(Records contained in a dataset)

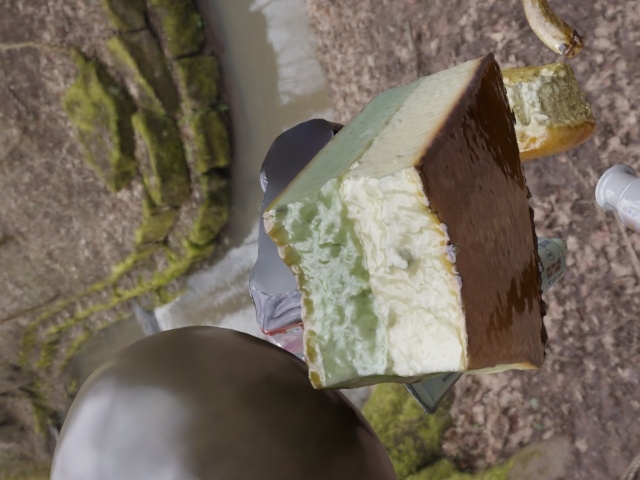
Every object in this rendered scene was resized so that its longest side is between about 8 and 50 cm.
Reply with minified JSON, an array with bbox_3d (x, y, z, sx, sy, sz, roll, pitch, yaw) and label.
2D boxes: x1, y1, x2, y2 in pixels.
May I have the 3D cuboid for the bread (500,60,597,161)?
[{"bbox_3d":[0.224,-0.155,1.092,0.245,0.174,0.121,-1,110,34],"label":"bread"}]

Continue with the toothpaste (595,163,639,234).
[{"bbox_3d":[0.409,0.004,0.889,0.066,0.100,0.323,-62,30,15],"label":"toothpaste"}]

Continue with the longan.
[{"bbox_3d":[-0.059,0.167,0.548,0.246,0.215,0.246,162,90,-80],"label":"longan"}]

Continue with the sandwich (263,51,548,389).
[{"bbox_3d":[0.055,-0.024,0.523,0.108,0.186,0.220,-12,77,29],"label":"sandwich"}]

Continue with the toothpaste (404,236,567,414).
[{"bbox_3d":[0.145,0.054,0.726,0.047,0.268,0.069,1,112,42],"label":"toothpaste"}]

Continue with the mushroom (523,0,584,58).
[{"bbox_3d":[0.352,-0.482,1.439,0.232,0.208,0.302,14,100,26],"label":"mushroom"}]

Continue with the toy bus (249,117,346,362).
[{"bbox_3d":[0.000,0.000,1.017,0.303,0.127,0.147,-89,-24,-44],"label":"toy bus"}]

What you are asked to do →
Although the entries contain pictures, reproduce only the rest, exactly as written.

Response for this exercise →
Every object in this rendered scene was resized so that its longest side is between about 8 and 50 cm.
Reply with minified JSON, an array with bbox_3d (x, y, z, sx, sy, sz, roll, pitch, yaw) and label.
2D boxes: x1, y1, x2, y2 in pixels.
May I have the 3D cuboid for the bread (500,60,597,161)?
[{"bbox_3d":[0.224,-0.155,1.092,0.245,0.174,0.121,-1,110,34],"label":"bread"}]

Continue with the toothpaste (595,163,639,234).
[{"bbox_3d":[0.409,0.004,0.889,0.066,0.100,0.323,-62,30,15],"label":"toothpaste"}]

Continue with the longan.
[{"bbox_3d":[-0.059,0.167,0.548,0.246,0.215,0.246,162,90,-80],"label":"longan"}]

Continue with the sandwich (263,51,548,389).
[{"bbox_3d":[0.055,-0.024,0.523,0.108,0.186,0.220,-12,77,29],"label":"sandwich"}]

Continue with the toothpaste (404,236,567,414).
[{"bbox_3d":[0.145,0.054,0.726,0.047,0.268,0.069,1,112,42],"label":"toothpaste"}]

Continue with the mushroom (523,0,584,58).
[{"bbox_3d":[0.352,-0.482,1.439,0.232,0.208,0.302,14,100,26],"label":"mushroom"}]

Continue with the toy bus (249,117,346,362).
[{"bbox_3d":[0.000,0.000,1.017,0.303,0.127,0.147,-89,-24,-44],"label":"toy bus"}]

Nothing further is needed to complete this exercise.